*** Opening of Exercise inputs ***

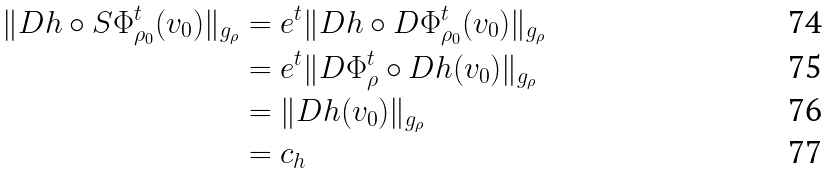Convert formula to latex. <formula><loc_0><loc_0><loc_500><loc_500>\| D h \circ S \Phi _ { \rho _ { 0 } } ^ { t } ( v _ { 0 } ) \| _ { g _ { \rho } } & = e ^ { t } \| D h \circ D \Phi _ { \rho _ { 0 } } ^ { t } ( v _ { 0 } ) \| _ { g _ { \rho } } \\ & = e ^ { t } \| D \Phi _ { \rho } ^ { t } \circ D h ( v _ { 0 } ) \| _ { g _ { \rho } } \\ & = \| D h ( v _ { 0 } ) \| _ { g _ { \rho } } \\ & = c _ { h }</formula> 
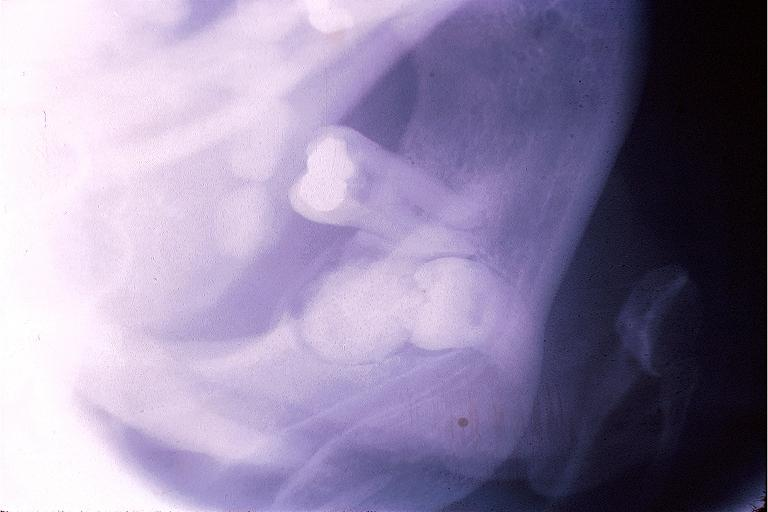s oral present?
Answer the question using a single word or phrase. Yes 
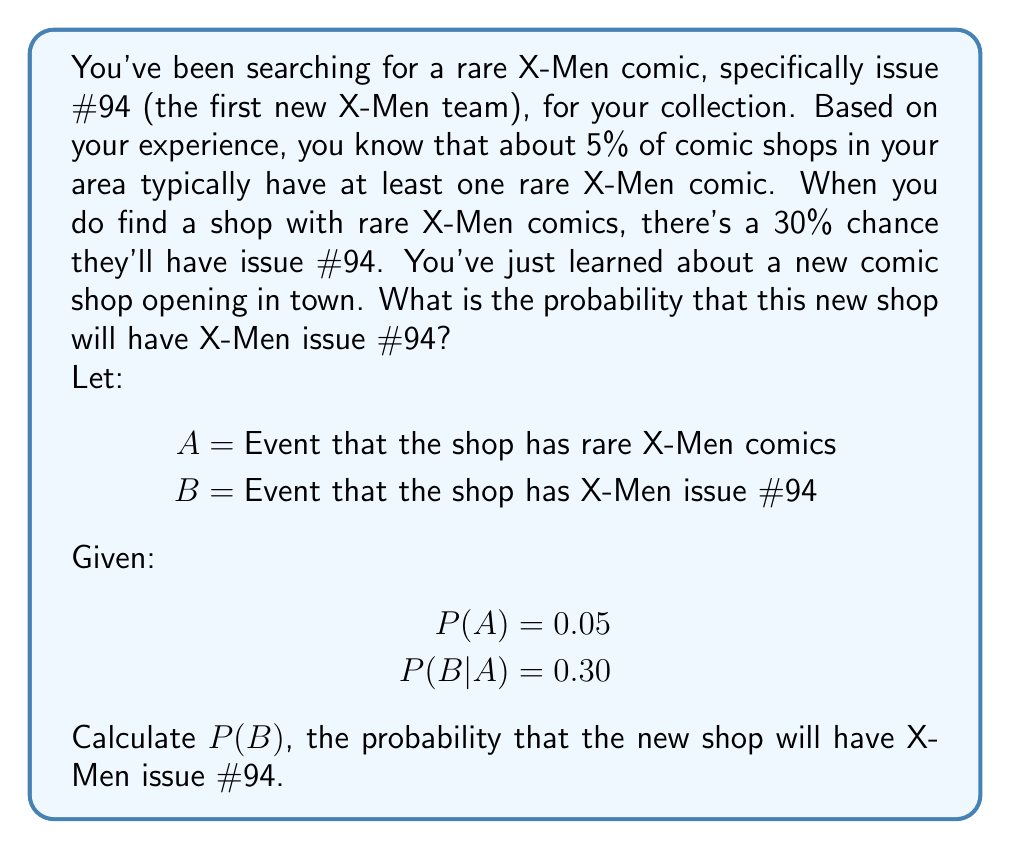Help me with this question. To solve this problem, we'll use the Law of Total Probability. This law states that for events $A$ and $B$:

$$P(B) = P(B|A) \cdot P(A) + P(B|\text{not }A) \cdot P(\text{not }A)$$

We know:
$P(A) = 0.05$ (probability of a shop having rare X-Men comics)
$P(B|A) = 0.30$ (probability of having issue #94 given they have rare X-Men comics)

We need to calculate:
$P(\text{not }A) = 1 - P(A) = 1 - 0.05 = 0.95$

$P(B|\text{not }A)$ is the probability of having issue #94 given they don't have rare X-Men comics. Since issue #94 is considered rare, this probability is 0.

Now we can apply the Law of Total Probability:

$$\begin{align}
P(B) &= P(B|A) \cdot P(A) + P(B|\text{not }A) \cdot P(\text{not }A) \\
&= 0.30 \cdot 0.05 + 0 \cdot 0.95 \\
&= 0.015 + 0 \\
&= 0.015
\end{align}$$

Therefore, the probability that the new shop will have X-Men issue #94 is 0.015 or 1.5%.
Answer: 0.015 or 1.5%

*** Close of Exercise inputs ***

→ **Assigned task**:
Write the records out exactly, dropping every image.

→ **Finished exercise**:
Convert formula to latex. <formula><loc_0><loc_0><loc_500><loc_500>\| D h \circ S \Phi _ { \rho _ { 0 } } ^ { t } ( v _ { 0 } ) \| _ { g _ { \rho } } & = e ^ { t } \| D h \circ D \Phi _ { \rho _ { 0 } } ^ { t } ( v _ { 0 } ) \| _ { g _ { \rho } } \\ & = e ^ { t } \| D \Phi _ { \rho } ^ { t } \circ D h ( v _ { 0 } ) \| _ { g _ { \rho } } \\ & = \| D h ( v _ { 0 } ) \| _ { g _ { \rho } } \\ & = c _ { h }</formula> 
s oral present?
Answer the question using a single word or phrase. Yes 
Help me with this question. To solve this problem, we'll use the Law of Total Probability. This law states that for events $A$ and $B$:

$$P(B) = P(B|A) \cdot P(A) + P(B|\text{not }A) \cdot P(\text{not }A)$$

We know:
$P(A) = 0.05$ (probability of a shop having rare X-Men comics)
$P(B|A) = 0.30$ (probability of having issue #94 given they have rare X-Men comics)

We need to calculate:
$P(\text{not }A) = 1 - P(A) = 1 - 0.05 = 0.95$

$P(B|\text{not }A)$ is the probability of having issue #94 given they don't have rare X-Men comics. Since issue #94 is considered rare, this probability is 0.

Now we can apply the Law of Total Probability:

$$\begin{align}
P(B) &= P(B|A) \cdot P(A) + P(B|\text{not }A) \cdot P(\text{not }A) \\
&= 0.30 \cdot 0.05 + 0 \cdot 0.95 \\
&= 0.015 + 0 \\
&= 0.015
\end{align}$$

Therefore, the probability that the new shop will have X-Men issue #94 is 0.015 or 1.5%.
Answer: 0.015 or 1.5%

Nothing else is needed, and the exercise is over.